Cancer héréditaire : une étude menée à Rouen démontre l’intérêt du dépistage précoce


Une vaste étude européenne, à laquelle ont participé le CHU de Rouen et le Centre Henri-Becquerel, montre que la surveillance des personnes atteintes du syndrome de Li-Fraumeni améliore leur prise en charge tout en coûtant neuf fois moins cher que le traitement d’un cancer.


Publié le Lundi 31 Août 2026 à 12:40


« Nous avons également été frappés par la différence entre les coûts de prévention et de traitement », souligne Marion Rolain, chercheuse biomédicale et ingénieure au service de génétique du CHU de Rouen. - Illustration © Pexels
« Nous avons également été frappés par la différence entre les coûts de prévention et de traitement », souligne Marion Rolain, chercheuse biomédicale et ingénieure au service de génétique du CHU de Rouen. - Illustration © Pexels
Détecter les tumeurs avant qu’elles ne progressent peut sauver des vies, mais aussi réduire considérablement les dépenses de santé. C’est l’enseignement de l’étude européenne  Preventable consacrée au syndrome de Li-Fraumeni, une maladie génétique rare qui expose ses porteurs à un risque très élevé de développer différents cancers, parfois dès l’enfance.

L’équipe d’oncogénétique de Rouen, réunissant des chercheurs du CHU et du Centre de lutte contre le cancer Henri-Becquerel, a recueilli les données médicales de 505 porteurs d’une altération pathogène du gène TP53 et de 361 membres de leur famille non porteurs. L’étude a été menée dans sept pays, avec neuf centres experts du réseau européen GENTURIS. Les coûts des parcours de soins ont été évalués à partir des tarifs hospitaliers français.

► Le CHU de Rouen présente les résultats de l’étude.

6 047€ pour la surveillance, près de 54 000 pour le traitement

Parmi les 155 porteurs du gène altéré qui n’avaient encore jamais développé de cancer au moment de leur entrée dans le programme de prévention, 18 ont ensuite été touchés par une ou plusieurs tumeurs. Leur âge médian était de 28 ans. Le coût moyen de leur surveillance s’est élevé à 6 046,80 euros par patient, avec une amélioration significative de la survie observée dans ce groupe.

À l’inverse, les 273 patients qui avaient déjà développé un cancer avant le test génétique ont généré un coût moyen de 53 906 euros chacun. Leur âge médian était de 33 ans. Parmi eux, 109 présentaient une maladie à un stade précoce et 164 un cancer à un stade avancé.

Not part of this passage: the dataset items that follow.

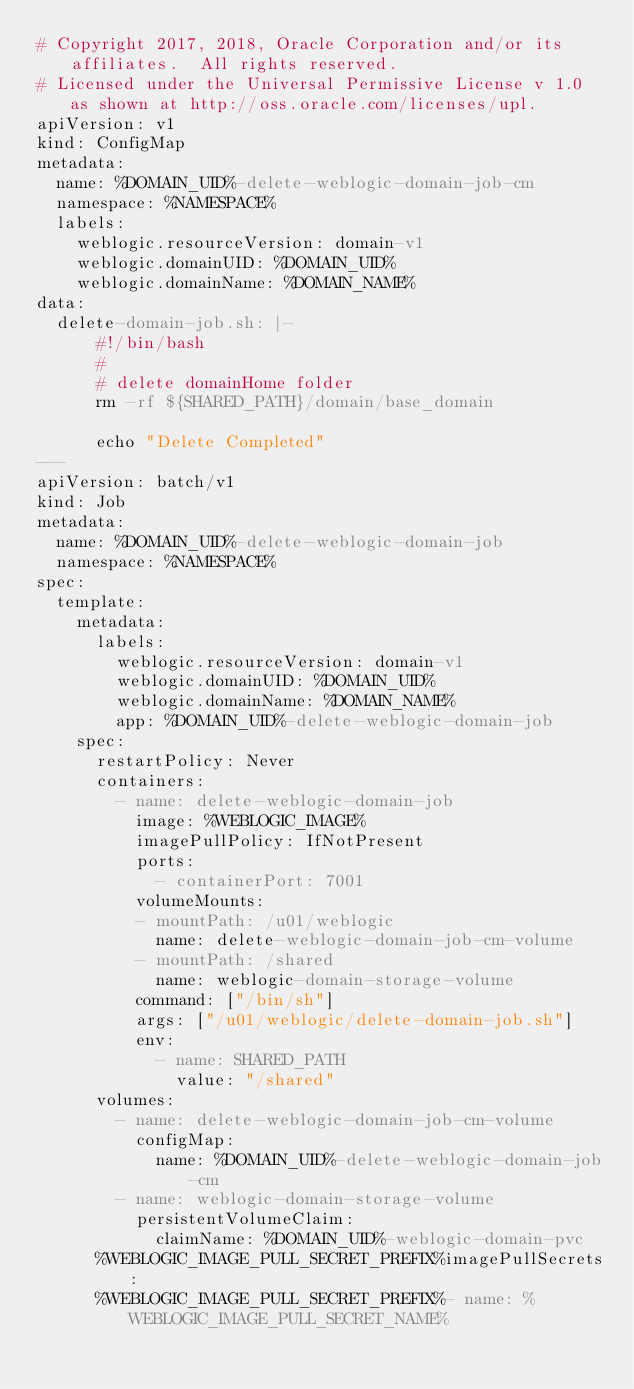<code> <loc_0><loc_0><loc_500><loc_500><_YAML_># Copyright 2017, 2018, Oracle Corporation and/or its affiliates.  All rights reserved.
# Licensed under the Universal Permissive License v 1.0 as shown at http://oss.oracle.com/licenses/upl.
apiVersion: v1
kind: ConfigMap
metadata:
  name: %DOMAIN_UID%-delete-weblogic-domain-job-cm
  namespace: %NAMESPACE%
  labels:
    weblogic.resourceVersion: domain-v1
    weblogic.domainUID: %DOMAIN_UID%
    weblogic.domainName: %DOMAIN_NAME%
data:
  delete-domain-job.sh: |-
      #!/bin/bash
      #
      # delete domainHome folder
      rm -rf ${SHARED_PATH}/domain/base_domain

      echo "Delete Completed"
---
apiVersion: batch/v1
kind: Job
metadata:
  name: %DOMAIN_UID%-delete-weblogic-domain-job
  namespace: %NAMESPACE%
spec:
  template:
    metadata:
      labels:
        weblogic.resourceVersion: domain-v1
        weblogic.domainUID: %DOMAIN_UID%
        weblogic.domainName: %DOMAIN_NAME%
        app: %DOMAIN_UID%-delete-weblogic-domain-job
    spec:
      restartPolicy: Never
      containers:
        - name: delete-weblogic-domain-job
          image: %WEBLOGIC_IMAGE%
          imagePullPolicy: IfNotPresent
          ports:
            - containerPort: 7001
          volumeMounts:
          - mountPath: /u01/weblogic
            name: delete-weblogic-domain-job-cm-volume
          - mountPath: /shared
            name: weblogic-domain-storage-volume
          command: ["/bin/sh"]
          args: ["/u01/weblogic/delete-domain-job.sh"]
          env:
            - name: SHARED_PATH
              value: "/shared"
      volumes:
        - name: delete-weblogic-domain-job-cm-volume
          configMap:
            name: %DOMAIN_UID%-delete-weblogic-domain-job-cm
        - name: weblogic-domain-storage-volume
          persistentVolumeClaim:
            claimName: %DOMAIN_UID%-weblogic-domain-pvc
      %WEBLOGIC_IMAGE_PULL_SECRET_PREFIX%imagePullSecrets:
      %WEBLOGIC_IMAGE_PULL_SECRET_PREFIX%- name: %WEBLOGIC_IMAGE_PULL_SECRET_NAME%
</code> 
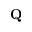<formula> <loc_0><loc_0><loc_500><loc_500>Q</formula> 
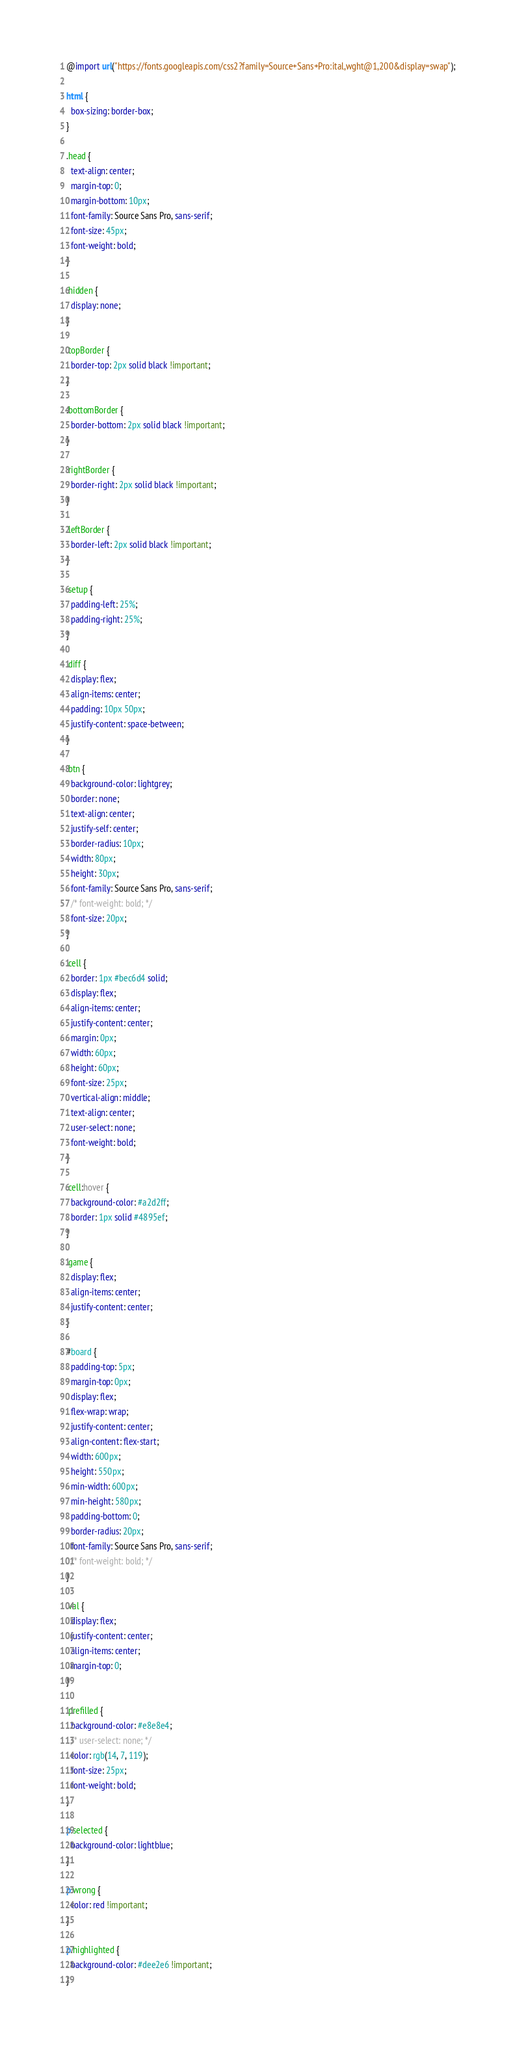Convert code to text. <code><loc_0><loc_0><loc_500><loc_500><_CSS_>@import url("https://fonts.googleapis.com/css2?family=Source+Sans+Pro:ital,wght@1,200&display=swap");

html {
  box-sizing: border-box;
}

.head {
  text-align: center;
  margin-top: 0;
  margin-bottom: 10px;
  font-family: Source Sans Pro, sans-serif;
  font-size: 45px;
  font-weight: bold;
}

.hidden {
  display: none;
}

.topBorder {
  border-top: 2px solid black !important;
}

.bottomBorder {
  border-bottom: 2px solid black !important;
}

.rightBorder {
  border-right: 2px solid black !important;
}

.leftBorder {
  border-left: 2px solid black !important;
}

.setup {
  padding-left: 25%;
  padding-right: 25%;
}

.diff {
  display: flex;
  align-items: center;
  padding: 10px 50px;
  justify-content: space-between;
}

.btn {
  background-color: lightgrey;
  border: none;
  text-align: center;
  justify-self: center;
  border-radius: 10px;
  width: 80px;
  height: 30px;
  font-family: Source Sans Pro, sans-serif;
  /* font-weight: bold; */
  font-size: 20px;
}

.cell {
  border: 1px #bec6d4 solid;
  display: flex;
  align-items: center;
  justify-content: center;
  margin: 0px;
  width: 60px;
  height: 60px;
  font-size: 25px;
  vertical-align: middle;
  text-align: center;
  user-select: none;
  font-weight: bold;
}

.cell:hover {
  background-color: #a2d2ff;
  border: 1px solid #4895ef;
}

.game {
  display: flex;
  align-items: center;
  justify-content: center;
}

#board {
  padding-top: 5px;
  margin-top: 0px;
  display: flex;
  flex-wrap: wrap;
  justify-content: center;
  align-content: flex-start;
  width: 600px;
  height: 550px;
  min-width: 600px;
  min-height: 580px;
  padding-bottom: 0;
  border-radius: 20px;
  font-family: Source Sans Pro, sans-serif;
  /* font-weight: bold; */
}

.val {
  display: flex;
  justify-content: center;
  align-items: center;
  margin-top: 0;
}

.prefilled {
  background-color: #e8e8e4;
  /* user-select: none; */
  color: rgb(14, 7, 119);
  font-size: 25px;
  font-weight: bold;
}

p.selected {
  background-color: lightblue;
}

p.wrong {
  color: red !important;
}

p.highlighted {
  background-color: #dee2e6 !important;
}
</code> 
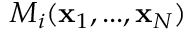Convert formula to latex. <formula><loc_0><loc_0><loc_500><loc_500>M _ { i } ( { x } _ { 1 } , \dots , { x } _ { N } )</formula>

Améliorer les chances de traitement

La surveillance repose notamment sur une IRM annuelle du corps entier, une IRM cérébrale, des examens cliniques spécialisés ainsi que, chez les femmes à partir de 20 ans, une IRM mammaire. L’objectif n’est pas d’empêcher systématiquement l’apparition d’un cancer, mais de le repérer le plus tôt possible afin d’améliorer les chances de traitement.

« Nous avons également été frappés par la différence entre les coûts de prévention et de traitement », souligne Marion Rolain, chercheuse biomédicale et ingénieure au service de génétique du CHU de Rouen.

Présentés lors du congrès annuel de la Société européenne de génétique humaine, ces résultats plaident en faveur d’un recours plus précoce aux tests génétiques dans les familles à risque. Les chercheurs précisent toutefois que des études prospectives de plus grande ampleur devront encore confirmer leurs conclusions. 

Source : Centre hospitalier universitaire de Rouen 
 

A SAVOIR -- Le syndrome de Li-Fraumeni
Cette prédisposition héréditaire rare est liée à une altération du gène TP53. Celui-ci commande normalement la production de la protéine p53, qui joue un rôle essentiel dans la suppression des tumeurs. Son dysfonctionnement augmente fortement le risque de développer plusieurs types de cancers à un âge précoce.